The second method is the use of an encrypted connection to a website (via Secure Socket Layer SSL). It is easy to tell whether you have such a connection. A “https” prefix instead of “http” will appear in the URL. Some browsers even have a little lock or “secure” icon that will pop up.
In the digital domain, security and convenience rarely come in the same package. Security requires maintenance. Much like the TSA makes benign people’s lives miserable at the airport in an effort to keep lives safe, security mechanisms in the digital world can cause problems for a legitimate user.
The effort necessary to maintain encryption algorithms and keys and firewalls, protect servers, and assist users is significant, said Haney.
In contrast, a convenient network would mean easy access to anyone. The price is that such an accessible network would mean few protections from eavesdroppers or anyone seeking to plant malware.
The balance between accessibility and security is tough to find, and no amount of security will eliminate every threat. “There are risks with wireless regardless,” said Haney.
Until the encrypted network is available, users seeking maximum safety will need to look for other options.
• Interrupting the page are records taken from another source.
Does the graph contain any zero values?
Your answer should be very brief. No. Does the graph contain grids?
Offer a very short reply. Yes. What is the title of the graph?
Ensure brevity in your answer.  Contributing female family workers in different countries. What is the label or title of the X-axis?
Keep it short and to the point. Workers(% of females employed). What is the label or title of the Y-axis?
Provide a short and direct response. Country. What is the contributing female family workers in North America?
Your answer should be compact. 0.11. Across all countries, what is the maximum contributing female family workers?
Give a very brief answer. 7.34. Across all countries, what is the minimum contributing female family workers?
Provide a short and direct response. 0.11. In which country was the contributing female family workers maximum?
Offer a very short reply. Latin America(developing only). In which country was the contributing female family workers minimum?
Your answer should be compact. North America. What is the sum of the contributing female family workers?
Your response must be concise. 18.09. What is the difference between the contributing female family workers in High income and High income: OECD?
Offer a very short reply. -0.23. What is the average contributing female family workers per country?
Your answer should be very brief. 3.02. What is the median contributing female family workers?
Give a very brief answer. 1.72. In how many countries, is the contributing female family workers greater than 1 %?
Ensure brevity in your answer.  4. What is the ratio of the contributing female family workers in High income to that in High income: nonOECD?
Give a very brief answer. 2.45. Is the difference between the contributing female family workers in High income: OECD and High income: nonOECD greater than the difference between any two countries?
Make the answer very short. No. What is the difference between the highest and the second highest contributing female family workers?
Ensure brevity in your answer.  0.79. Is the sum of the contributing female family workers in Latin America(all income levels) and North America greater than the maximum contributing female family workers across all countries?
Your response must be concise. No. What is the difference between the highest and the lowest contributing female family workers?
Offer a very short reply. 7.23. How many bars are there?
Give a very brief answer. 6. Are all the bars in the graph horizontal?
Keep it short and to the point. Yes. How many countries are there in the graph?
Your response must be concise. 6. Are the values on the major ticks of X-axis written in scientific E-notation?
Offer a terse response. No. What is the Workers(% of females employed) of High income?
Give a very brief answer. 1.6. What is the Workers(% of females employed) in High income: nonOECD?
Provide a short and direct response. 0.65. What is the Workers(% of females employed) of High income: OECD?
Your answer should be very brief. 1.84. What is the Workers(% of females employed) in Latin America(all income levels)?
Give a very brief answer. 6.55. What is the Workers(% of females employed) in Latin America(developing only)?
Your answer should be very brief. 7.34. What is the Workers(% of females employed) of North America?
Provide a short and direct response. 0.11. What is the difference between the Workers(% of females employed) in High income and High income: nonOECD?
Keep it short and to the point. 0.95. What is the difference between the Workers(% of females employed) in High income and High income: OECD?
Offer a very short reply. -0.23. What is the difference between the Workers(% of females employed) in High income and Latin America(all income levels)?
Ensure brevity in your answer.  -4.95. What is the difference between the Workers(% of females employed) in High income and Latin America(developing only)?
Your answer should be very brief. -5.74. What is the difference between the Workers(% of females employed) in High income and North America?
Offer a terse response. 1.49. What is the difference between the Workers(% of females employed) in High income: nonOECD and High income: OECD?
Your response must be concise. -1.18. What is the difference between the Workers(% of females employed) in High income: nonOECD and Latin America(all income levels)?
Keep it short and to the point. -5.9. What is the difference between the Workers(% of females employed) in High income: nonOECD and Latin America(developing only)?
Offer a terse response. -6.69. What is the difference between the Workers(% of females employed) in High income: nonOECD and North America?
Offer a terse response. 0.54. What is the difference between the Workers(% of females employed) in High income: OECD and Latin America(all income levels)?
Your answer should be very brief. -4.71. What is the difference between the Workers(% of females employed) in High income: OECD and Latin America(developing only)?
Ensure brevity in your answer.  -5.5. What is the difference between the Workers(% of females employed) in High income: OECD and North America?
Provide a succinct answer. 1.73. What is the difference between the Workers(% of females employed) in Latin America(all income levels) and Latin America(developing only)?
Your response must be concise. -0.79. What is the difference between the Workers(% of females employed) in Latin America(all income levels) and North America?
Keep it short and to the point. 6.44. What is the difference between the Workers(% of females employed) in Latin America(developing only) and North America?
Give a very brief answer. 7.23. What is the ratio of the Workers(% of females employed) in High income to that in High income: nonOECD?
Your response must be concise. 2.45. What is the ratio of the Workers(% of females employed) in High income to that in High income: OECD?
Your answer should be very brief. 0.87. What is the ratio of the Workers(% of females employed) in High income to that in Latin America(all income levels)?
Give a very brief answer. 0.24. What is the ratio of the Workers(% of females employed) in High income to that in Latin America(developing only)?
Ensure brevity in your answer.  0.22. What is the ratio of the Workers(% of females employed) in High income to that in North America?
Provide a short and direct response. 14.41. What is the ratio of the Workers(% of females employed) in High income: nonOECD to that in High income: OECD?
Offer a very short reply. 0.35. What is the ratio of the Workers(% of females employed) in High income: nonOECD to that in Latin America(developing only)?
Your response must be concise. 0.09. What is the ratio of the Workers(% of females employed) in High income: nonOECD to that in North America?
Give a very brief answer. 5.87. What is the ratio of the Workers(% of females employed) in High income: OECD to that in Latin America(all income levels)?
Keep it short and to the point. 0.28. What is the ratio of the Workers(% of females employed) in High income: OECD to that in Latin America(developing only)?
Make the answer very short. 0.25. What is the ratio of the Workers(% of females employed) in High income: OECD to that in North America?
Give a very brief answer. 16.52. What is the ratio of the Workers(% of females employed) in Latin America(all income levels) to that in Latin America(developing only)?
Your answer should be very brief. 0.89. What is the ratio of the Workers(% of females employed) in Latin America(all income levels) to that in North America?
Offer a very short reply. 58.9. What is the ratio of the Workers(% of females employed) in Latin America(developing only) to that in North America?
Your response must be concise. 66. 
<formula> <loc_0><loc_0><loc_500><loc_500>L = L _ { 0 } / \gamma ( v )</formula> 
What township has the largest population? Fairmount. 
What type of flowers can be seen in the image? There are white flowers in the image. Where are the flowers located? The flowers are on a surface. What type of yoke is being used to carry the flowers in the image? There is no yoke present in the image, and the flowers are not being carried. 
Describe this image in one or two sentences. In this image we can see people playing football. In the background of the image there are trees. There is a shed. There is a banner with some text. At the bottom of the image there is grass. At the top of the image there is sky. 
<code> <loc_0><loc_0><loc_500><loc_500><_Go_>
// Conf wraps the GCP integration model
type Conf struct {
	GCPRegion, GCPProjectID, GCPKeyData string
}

The use of “https” style encrypted websites whenever possible will defeat a man-in-the-middle attack.
More privacy will require more elaborate methods, such as a VPN (virtual private network, which relies on an encrypted connection to a special server) or TOR (The Onion Router, which scrambles your identity and your activity).
Commenting on the general safety of TU’s wireless network, Haney said, “I don’t think they have any glaring holes.” All the traditional rules apply, he said, including using strong passwords and avoiding suspicious websites and downloads. TU has to compromise between convenience and security. The user’s situation is not any different. “If you want to be 100% secure, unplug your computer and don’t use it,” he observed.